Editor's note: This is an expanded version of the Q&A that appeared in print. 

Desperate times call for productive men: NYC-born rapper Bigg Jus was a ward of the state who helped make Company Flow one of the definitive independent hip-hop groups of the back end of the 20th century, and from there, he never took a rest. Now—older, wiser, featured on NPR—he's still the kind of guy just who works a little more when he needs a break from all his work. Currently: working on a collaboration with Shape Shifter Existereo, working on a new solo record to follow-up his airtight Poor People's Day, working on shooting videos for the new De La Soul and (listed last just to tease the fans) working on material for the first new Company Flow record since 1997. Plus there's the coming war to end all wars, the sadly endless source for much of Jus' inspiration—lyrics about “a killing machine so perfect at first they couldn't intellectualize it/and they were afraid to ask too many questions” make him a rapper a lot closer to Alex Jones than Mike Jones. California might be a long way from the Tribeca record company he lost on Sept. 11, but the songs remain the same: “It's not like I'm gonna run off and start partying,” he says. “There's way too much on my mind.”

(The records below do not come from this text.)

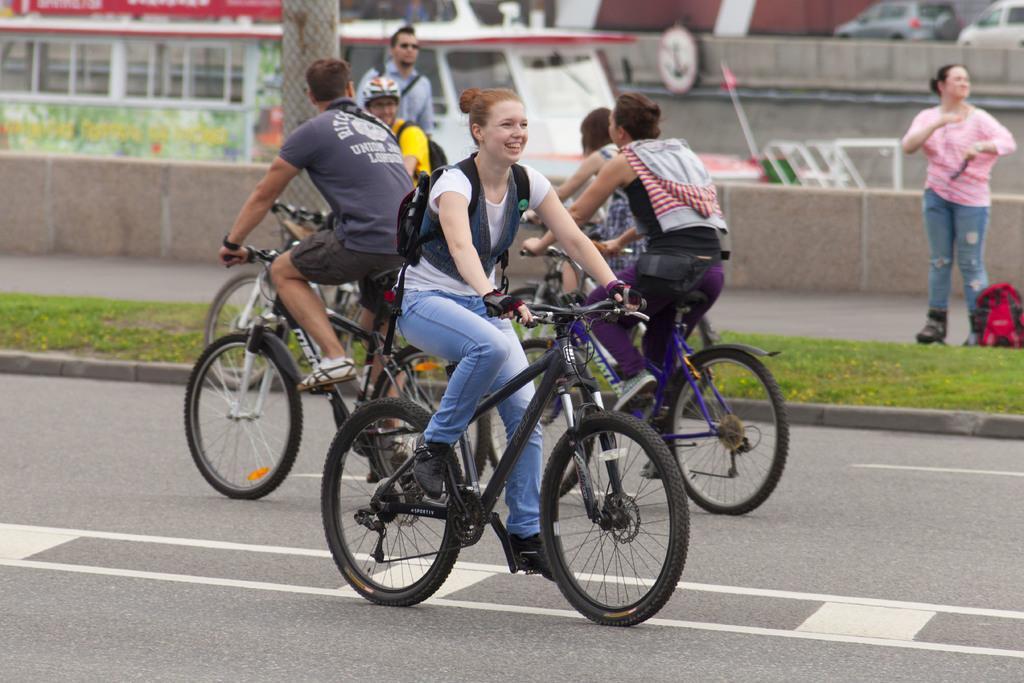Please provide a concise description of this image. In this picture we can see a group of people riding bicycles on road and aside to this road we have grass, woman and man standing, pillar, bus. 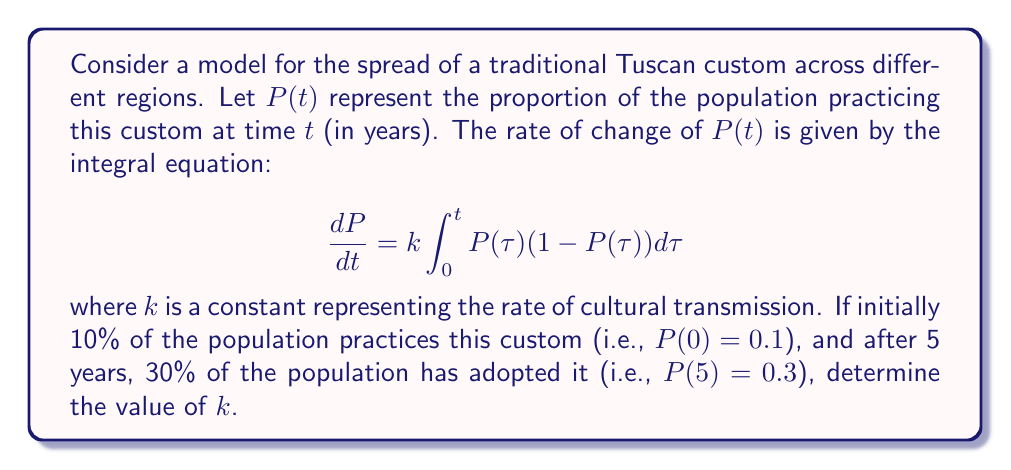Show me your answer to this math problem. To solve this problem, we'll follow these steps:

1) First, we need to solve the integral equation. Let's denote $I(t) = \int_0^t P(\tau)(1-P(\tau))d\tau$. Then our equation becomes:

   $$\frac{dP}{dt} = kI(t)$$

2) Integrating both sides from 0 to t:

   $$P(t) - P(0) = k\int_0^t I(\tau)d\tau$$

3) Now, let's differentiate both sides with respect to t:

   $$\frac{dP}{dt} = kI(t)$$

4) This should be equal to our original equation. So we have:

   $$kI(t) = k\int_0^t P(\tau)(1-P(\tau))d\tau$$

5) Dividing both sides by $k$ (assuming $k \neq 0$):

   $$I(t) = \int_0^t P(\tau)(1-P(\tau))d\tau$$

6) Differentiating both sides with respect to t:

   $$\frac{dI}{dt} = P(t)(1-P(t))$$

7) Now we have a system of differential equations:

   $$\frac{dP}{dt} = kI$$
   $$\frac{dI}{dt} = P(1-P)$$

8) We're given that $P(0) = 0.1$ and $P(5) = 0.3$. We also know that $I(0) = 0$ (since it's a definite integral from 0 to 0).

9) To find $k$, we need to solve this system numerically for different values of $k$ until we find one that gives $P(5) = 0.3$.

10) Using a numerical method (like Runge-Kutta), we can find that $k \approx 0.1823$ satisfies our conditions.
Answer: $k \approx 0.1823$ 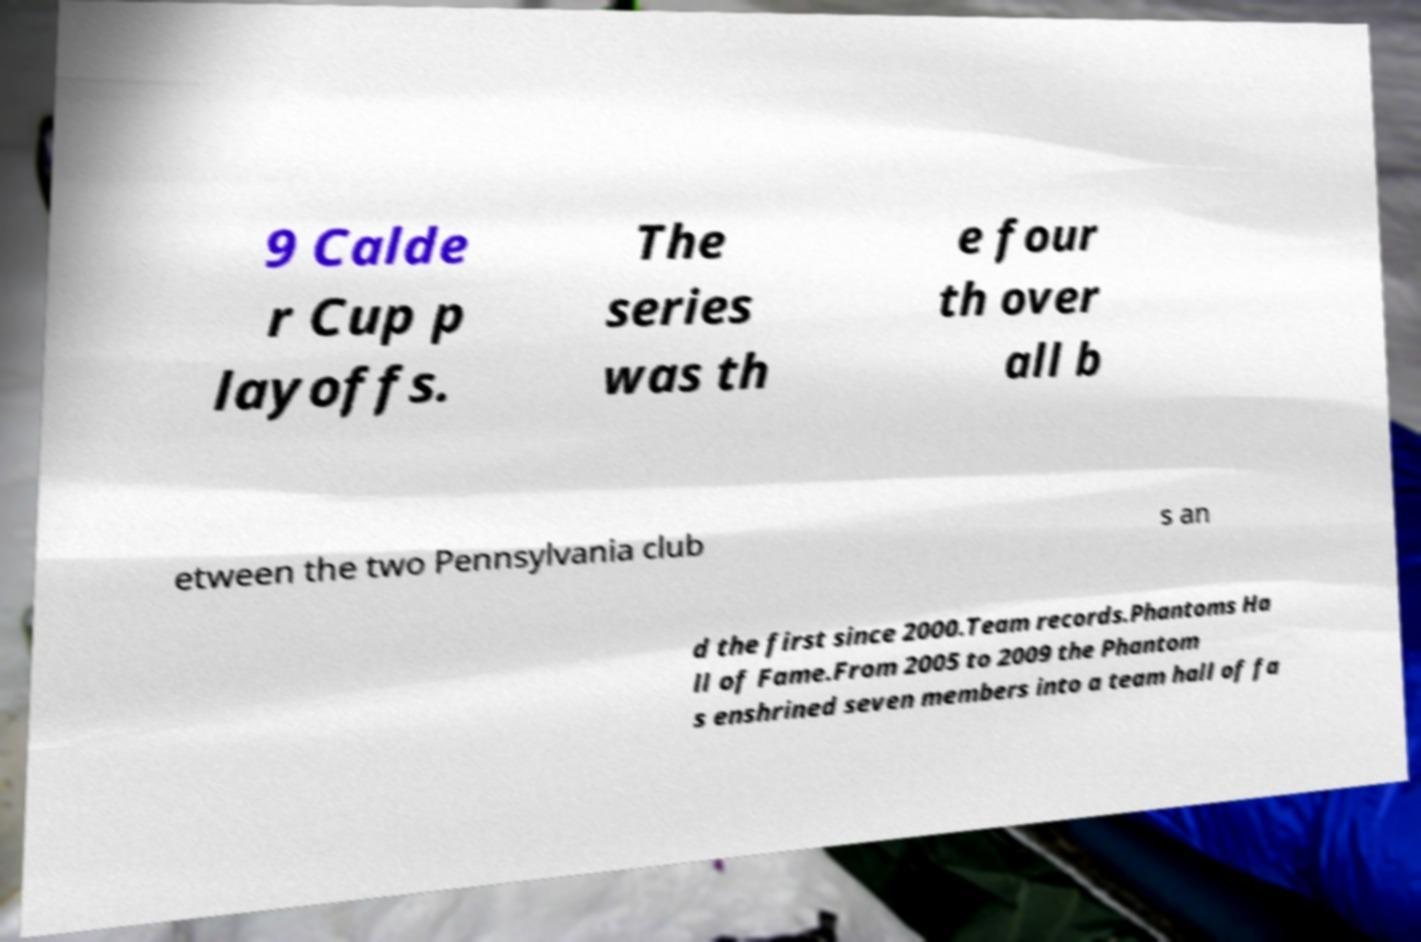Could you assist in decoding the text presented in this image and type it out clearly? 9 Calde r Cup p layoffs. The series was th e four th over all b etween the two Pennsylvania club s an d the first since 2000.Team records.Phantoms Ha ll of Fame.From 2005 to 2009 the Phantom s enshrined seven members into a team hall of fa 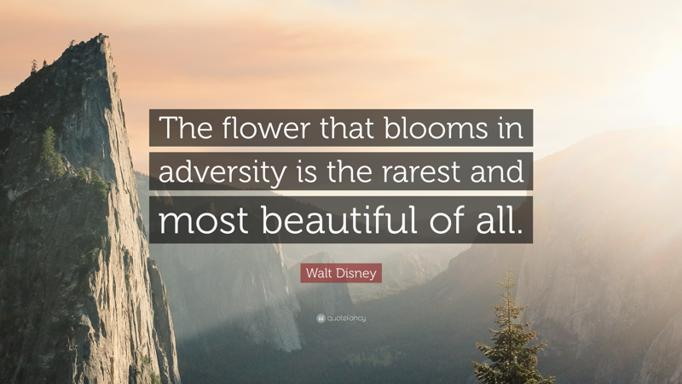Is the mountain scenery in the image related to the quote? Yes, the mountainous backdrop in the image serves as a powerful visual metaphor for the quote. Mountains, inherently tough terrains, symbolize significant life challenges. Climbing a mountain, much like navigating life's hurdles, demands resilience and strength. In overcoming these, one not only achieves new heights but also grows in character and beauty, much like the 'flower' in Walt Disney's quote that thrives in adversity.

OC Weekly: Were you ever a lazy guy?

Bigg Jus: I'm the quintessential New Yorker—I kind of had a hand in everything from the get out. That's the hustle mentality. I pretty much had a rough childhood and I had to get down. That's how Company Flow and the independent thing started—us saying, 'Fuck it, we don't need any labels. We can just do it ourselves.'

How much time do you think big labels as we know them have left?

How many are even left? Like three? All they did was absorb people's catalogs, and now they're not even people—they're just on a ledger sheet somewhere. The whole thing will disintegrate. The only real growth is in digital sales, and as we move toward that, the game will turn to people putting out digital singles first. It's a beautiful thing—you check your online sales and find out where the most people buy your stuff. “I'm hot in Sri Lanka? Let me get on the phone to the poppin'-est promoter in Sri Lanka!” It couldn't be better for artists.

Did your NPR profile get you in good with the commuter-progressive crowd?

It got me into a couple of things—I hooked up with a guy who was doing an economics documentary with Howard Zinn and Noam Chomsky, and they had a little segment at the end where the filmmaker just talked to me, and I ended up being the whole end of the movie. Probably the highlight of my year last year! And I worked with some guys who created this kind of robotic platform with a gyroscoping camera—one was a guy who developed the lunar rover for NASA's Apollo program. And I shot the Rock the Bells concert with that.

You filmed Rock the Bells with a lunar robot camera?

Exactly. The one guy was like an 80-year-old former NASA engineer. I run with real quirky diverse people. But I like it.

Is there anyone out there that you use as a sort of blueprint for your own life?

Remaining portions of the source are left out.